EXERCISE DIRECTIONS
Within the material below, transcribe exactly the lines from the one holding "- supplement box <box>0,362,36,492</box>" through the one holding "- boat shoe <box>584,470,710,539</box>", keeping both ends and skipping the rest.
━━━ INPUT MATERIAL
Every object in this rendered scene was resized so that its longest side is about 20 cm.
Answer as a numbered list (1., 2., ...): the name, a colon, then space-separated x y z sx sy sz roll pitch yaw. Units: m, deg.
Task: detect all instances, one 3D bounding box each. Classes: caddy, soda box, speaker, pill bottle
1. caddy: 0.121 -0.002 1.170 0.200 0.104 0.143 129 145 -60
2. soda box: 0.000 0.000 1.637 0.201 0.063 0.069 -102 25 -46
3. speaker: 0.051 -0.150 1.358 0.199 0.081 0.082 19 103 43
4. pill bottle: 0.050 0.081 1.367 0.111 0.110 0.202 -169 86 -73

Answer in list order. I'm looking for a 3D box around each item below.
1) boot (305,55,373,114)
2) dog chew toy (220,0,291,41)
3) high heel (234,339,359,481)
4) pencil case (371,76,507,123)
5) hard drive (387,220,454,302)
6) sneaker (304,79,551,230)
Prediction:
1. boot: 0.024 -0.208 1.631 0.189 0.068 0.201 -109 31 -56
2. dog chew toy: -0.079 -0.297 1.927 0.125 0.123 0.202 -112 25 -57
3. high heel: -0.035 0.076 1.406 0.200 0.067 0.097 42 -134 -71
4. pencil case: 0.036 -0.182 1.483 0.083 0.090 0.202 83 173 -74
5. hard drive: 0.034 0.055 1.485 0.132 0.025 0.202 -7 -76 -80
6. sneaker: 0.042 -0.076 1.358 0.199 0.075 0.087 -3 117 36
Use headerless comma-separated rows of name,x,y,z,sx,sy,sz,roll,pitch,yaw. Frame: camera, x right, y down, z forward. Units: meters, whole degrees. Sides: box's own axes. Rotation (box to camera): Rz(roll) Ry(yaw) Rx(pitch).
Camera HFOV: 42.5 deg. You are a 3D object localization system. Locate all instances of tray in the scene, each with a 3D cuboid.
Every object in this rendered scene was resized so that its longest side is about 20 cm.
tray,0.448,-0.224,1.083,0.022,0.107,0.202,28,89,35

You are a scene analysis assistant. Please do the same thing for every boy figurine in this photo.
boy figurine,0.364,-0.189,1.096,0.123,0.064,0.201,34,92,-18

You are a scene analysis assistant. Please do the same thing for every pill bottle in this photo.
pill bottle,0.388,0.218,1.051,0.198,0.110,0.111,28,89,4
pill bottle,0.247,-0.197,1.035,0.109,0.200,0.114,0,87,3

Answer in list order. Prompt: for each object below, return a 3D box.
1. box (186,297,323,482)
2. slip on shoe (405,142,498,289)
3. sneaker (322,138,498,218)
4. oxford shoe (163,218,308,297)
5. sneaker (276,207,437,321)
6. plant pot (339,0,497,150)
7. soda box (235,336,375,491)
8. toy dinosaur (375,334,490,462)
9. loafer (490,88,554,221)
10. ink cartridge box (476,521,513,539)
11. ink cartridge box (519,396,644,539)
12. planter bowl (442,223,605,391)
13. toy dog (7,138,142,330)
━━━━━━
━━━ INPUT MATERIAL
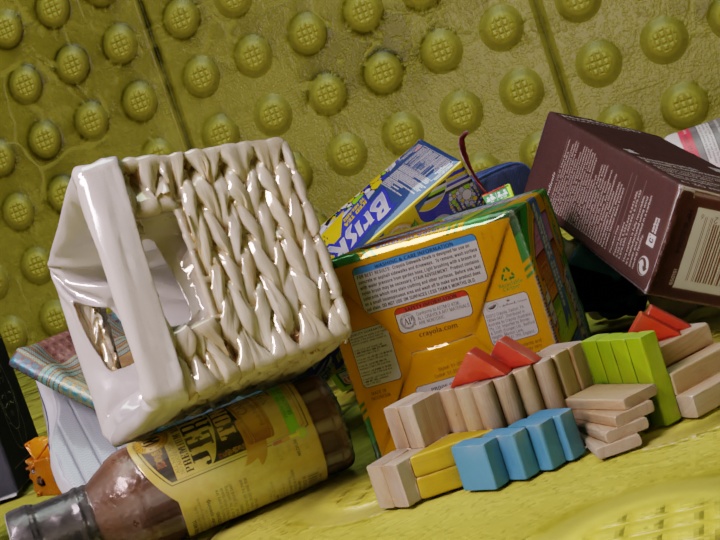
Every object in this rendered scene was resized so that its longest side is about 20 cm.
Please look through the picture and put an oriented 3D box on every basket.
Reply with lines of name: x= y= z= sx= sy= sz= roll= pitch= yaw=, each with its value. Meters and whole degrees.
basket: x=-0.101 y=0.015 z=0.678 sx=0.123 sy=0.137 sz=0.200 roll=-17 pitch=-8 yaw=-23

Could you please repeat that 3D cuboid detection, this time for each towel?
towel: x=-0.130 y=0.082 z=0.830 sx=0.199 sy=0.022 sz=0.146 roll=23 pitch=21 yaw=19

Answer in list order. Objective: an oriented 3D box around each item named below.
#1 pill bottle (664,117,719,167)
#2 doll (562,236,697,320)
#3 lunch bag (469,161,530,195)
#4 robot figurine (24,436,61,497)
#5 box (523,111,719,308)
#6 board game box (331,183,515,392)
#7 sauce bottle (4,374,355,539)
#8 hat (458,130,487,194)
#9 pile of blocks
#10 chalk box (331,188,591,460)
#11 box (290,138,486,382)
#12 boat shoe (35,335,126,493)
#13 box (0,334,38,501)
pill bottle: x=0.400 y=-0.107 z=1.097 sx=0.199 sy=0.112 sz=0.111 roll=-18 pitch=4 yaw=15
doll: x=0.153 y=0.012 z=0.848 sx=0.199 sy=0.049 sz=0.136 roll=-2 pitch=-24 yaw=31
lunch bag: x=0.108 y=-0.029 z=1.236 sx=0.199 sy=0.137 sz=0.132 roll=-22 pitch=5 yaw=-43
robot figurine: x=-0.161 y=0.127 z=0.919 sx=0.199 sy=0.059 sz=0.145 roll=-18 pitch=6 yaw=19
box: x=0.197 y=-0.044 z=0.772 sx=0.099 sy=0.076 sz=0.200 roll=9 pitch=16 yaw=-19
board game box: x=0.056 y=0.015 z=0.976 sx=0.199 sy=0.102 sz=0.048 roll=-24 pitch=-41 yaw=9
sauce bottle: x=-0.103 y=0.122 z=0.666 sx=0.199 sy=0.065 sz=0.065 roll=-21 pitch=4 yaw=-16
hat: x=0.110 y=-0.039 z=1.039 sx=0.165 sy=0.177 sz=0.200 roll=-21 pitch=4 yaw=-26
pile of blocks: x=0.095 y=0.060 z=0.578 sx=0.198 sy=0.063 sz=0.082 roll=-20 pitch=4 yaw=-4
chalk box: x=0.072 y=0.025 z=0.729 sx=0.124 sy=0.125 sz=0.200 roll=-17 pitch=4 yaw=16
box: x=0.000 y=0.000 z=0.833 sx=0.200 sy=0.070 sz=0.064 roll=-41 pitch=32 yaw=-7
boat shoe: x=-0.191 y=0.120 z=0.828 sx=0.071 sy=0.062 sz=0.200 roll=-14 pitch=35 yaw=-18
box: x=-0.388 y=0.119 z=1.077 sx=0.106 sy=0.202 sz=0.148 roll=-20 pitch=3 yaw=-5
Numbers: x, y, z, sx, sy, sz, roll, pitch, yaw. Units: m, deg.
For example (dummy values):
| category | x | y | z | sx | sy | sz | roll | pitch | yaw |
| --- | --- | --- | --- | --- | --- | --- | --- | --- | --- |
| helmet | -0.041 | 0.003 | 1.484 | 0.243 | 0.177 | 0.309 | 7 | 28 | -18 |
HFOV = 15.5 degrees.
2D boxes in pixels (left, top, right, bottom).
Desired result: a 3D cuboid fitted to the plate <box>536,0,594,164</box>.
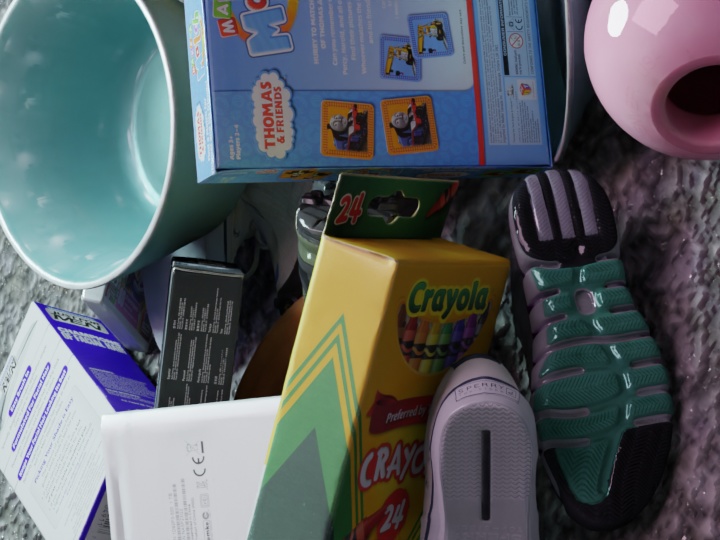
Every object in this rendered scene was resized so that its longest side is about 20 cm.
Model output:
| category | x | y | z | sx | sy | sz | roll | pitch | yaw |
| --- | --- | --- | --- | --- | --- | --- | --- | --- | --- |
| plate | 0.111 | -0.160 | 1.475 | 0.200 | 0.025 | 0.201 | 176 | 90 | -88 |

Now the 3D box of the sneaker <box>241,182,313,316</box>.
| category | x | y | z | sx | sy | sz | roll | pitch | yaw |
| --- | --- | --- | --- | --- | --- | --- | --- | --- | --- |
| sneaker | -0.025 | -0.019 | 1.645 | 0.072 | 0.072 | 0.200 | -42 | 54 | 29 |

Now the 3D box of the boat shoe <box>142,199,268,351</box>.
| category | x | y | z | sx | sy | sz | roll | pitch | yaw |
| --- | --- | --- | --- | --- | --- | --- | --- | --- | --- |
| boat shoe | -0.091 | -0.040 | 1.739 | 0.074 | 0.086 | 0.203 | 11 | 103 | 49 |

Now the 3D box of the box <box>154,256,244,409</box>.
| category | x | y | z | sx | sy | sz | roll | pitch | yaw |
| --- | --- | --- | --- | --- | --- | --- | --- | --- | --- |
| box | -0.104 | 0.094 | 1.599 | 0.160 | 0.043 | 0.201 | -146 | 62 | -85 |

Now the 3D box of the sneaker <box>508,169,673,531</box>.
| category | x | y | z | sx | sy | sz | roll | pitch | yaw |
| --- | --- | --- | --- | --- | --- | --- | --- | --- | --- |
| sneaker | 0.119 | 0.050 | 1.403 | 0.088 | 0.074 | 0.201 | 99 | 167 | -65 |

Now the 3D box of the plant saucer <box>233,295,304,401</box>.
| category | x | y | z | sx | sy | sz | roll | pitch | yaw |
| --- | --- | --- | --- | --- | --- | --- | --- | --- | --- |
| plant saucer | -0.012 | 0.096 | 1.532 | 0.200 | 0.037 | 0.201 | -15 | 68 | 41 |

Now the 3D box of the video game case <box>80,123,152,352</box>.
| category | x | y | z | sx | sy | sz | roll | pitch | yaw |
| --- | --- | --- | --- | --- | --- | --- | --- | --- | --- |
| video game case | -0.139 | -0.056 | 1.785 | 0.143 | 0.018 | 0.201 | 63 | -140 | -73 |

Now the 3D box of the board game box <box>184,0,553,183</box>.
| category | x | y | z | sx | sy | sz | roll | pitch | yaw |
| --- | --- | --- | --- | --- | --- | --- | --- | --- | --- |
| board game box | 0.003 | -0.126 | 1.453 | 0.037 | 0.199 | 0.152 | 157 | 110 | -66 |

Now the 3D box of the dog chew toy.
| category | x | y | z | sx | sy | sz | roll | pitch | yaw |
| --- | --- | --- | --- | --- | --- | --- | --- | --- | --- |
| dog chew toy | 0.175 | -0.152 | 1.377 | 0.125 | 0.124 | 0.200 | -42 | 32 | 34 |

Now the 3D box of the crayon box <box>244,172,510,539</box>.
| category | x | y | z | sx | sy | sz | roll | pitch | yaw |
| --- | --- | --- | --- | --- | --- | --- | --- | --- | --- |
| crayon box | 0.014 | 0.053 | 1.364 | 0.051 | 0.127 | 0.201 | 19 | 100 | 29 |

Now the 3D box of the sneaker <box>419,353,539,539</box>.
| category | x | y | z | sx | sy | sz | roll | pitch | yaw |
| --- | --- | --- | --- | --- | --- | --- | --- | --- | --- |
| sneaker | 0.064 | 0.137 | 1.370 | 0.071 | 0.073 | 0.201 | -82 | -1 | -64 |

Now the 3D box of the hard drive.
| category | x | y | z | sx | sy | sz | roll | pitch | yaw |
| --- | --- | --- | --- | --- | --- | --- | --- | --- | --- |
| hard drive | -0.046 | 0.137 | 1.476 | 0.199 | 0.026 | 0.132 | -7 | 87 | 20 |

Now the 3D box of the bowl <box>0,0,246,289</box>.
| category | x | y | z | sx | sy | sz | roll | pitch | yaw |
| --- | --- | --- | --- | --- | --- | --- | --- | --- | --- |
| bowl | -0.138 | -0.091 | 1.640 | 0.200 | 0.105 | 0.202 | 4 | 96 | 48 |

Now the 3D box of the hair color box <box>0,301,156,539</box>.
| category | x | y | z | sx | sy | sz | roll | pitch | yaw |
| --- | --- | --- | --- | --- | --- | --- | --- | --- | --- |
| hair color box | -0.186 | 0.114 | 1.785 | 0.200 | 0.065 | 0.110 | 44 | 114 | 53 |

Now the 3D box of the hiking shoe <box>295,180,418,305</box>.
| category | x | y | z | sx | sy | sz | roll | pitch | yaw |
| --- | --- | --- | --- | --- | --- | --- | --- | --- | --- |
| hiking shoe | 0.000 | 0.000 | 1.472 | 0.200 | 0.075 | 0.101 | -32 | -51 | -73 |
━━━━━━
━━━ INPUT MATERIAL
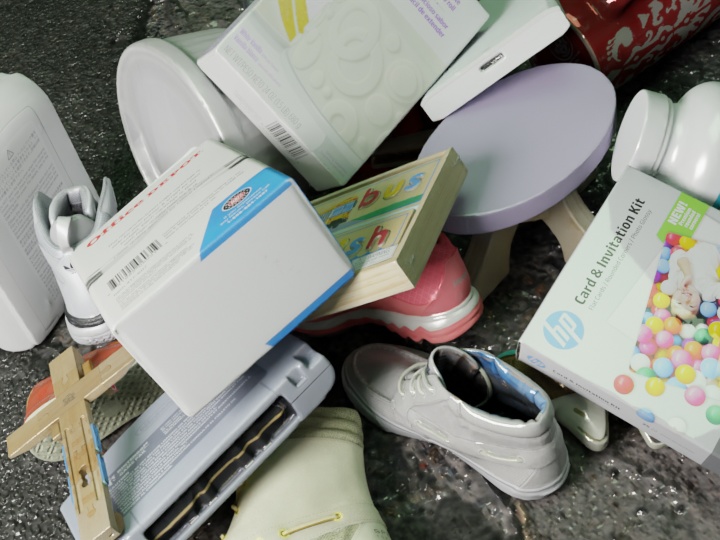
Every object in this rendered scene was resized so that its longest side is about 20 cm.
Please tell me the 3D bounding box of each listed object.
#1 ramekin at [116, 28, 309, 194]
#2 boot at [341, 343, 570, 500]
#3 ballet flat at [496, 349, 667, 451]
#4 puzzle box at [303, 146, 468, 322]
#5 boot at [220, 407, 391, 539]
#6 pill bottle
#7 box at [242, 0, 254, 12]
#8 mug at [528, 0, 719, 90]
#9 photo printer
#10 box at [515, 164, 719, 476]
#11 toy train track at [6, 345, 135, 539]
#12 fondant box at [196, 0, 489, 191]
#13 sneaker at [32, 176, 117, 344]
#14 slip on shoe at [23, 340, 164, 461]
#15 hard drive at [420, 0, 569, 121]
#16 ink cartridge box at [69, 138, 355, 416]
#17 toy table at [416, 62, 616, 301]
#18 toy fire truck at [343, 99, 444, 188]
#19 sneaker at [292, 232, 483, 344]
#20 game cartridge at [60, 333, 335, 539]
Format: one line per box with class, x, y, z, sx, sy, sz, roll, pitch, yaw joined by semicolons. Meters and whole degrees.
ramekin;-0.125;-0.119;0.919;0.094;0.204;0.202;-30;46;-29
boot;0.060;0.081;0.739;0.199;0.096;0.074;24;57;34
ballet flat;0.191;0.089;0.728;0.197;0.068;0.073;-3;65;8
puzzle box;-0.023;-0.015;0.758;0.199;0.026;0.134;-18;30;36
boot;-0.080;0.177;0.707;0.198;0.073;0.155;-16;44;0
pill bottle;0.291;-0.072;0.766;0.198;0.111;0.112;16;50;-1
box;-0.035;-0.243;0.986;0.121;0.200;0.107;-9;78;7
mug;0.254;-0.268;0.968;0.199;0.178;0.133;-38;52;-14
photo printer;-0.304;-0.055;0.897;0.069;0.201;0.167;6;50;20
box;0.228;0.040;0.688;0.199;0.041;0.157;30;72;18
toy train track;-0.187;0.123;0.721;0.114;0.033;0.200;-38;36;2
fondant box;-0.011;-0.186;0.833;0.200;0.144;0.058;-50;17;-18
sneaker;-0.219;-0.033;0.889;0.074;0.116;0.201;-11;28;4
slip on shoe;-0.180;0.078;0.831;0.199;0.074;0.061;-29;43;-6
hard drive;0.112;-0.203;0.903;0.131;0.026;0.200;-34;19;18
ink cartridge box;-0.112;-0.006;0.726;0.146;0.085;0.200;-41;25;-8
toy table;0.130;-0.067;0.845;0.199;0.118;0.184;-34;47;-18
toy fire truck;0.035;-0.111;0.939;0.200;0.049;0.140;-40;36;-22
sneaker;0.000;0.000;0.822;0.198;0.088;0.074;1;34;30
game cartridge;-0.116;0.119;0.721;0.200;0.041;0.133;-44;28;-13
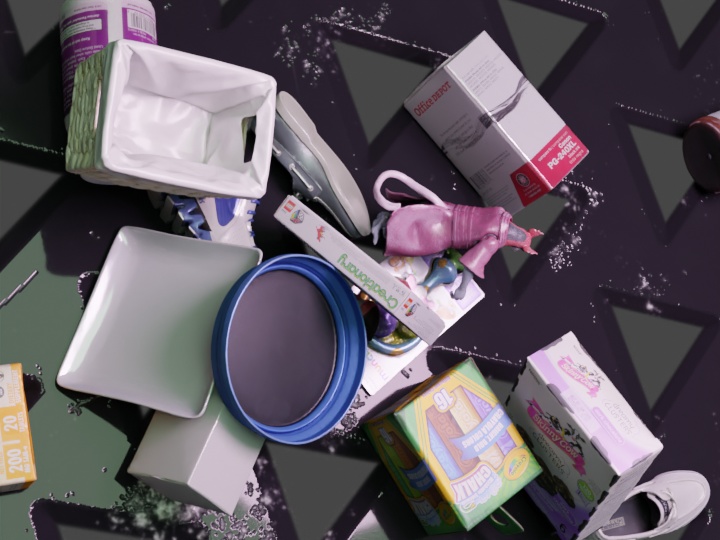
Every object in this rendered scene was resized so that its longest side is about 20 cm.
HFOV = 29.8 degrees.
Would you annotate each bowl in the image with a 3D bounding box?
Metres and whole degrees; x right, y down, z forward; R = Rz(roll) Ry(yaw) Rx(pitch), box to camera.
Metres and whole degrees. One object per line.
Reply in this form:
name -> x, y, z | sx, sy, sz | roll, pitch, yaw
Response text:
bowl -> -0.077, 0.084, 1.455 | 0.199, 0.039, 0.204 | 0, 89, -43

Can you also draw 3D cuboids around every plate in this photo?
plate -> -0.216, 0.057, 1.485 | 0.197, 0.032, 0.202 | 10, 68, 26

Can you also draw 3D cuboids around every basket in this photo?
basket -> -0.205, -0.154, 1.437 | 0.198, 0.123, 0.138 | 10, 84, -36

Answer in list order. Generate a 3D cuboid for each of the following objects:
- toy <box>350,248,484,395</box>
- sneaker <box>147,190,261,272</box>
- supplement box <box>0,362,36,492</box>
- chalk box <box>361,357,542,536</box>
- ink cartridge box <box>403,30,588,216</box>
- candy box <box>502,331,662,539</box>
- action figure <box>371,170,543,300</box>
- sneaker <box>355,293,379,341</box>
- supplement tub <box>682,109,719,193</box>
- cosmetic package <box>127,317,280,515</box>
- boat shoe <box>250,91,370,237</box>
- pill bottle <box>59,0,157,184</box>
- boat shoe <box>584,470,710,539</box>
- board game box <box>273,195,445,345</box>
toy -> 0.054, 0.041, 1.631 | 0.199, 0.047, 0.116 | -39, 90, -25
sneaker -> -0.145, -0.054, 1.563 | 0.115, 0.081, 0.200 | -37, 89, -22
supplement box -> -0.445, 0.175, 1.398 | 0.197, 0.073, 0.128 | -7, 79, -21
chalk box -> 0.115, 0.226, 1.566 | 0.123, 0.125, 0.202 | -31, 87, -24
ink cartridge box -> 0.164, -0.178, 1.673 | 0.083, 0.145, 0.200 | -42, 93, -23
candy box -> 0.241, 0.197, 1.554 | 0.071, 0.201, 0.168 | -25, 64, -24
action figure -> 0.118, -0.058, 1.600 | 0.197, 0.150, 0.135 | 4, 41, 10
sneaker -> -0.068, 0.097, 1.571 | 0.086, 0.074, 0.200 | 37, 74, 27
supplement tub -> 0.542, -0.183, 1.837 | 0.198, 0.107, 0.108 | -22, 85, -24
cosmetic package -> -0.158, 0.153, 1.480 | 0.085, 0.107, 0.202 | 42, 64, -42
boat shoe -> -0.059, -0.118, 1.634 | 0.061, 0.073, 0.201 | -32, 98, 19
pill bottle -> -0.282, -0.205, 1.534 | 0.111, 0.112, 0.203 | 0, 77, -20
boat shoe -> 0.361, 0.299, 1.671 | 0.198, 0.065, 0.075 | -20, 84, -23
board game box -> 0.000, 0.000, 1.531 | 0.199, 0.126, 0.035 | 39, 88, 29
━━━━━━
EXERCISE ANSWER
- supplement box <box>0,362,36,492</box>
- chalk box <box>361,357,542,536</box>
- ink cartridge box <box>403,30,588,216</box>
- candy box <box>502,331,662,539</box>
- action figure <box>371,170,543,300</box>
- sneaker <box>355,293,379,341</box>
- supplement tub <box>682,109,719,193</box>
- cosmetic package <box>127,317,280,515</box>
- boat shoe <box>250,91,370,237</box>
- pill bottle <box>59,0,157,184</box>
- boat shoe <box>584,470,710,539</box>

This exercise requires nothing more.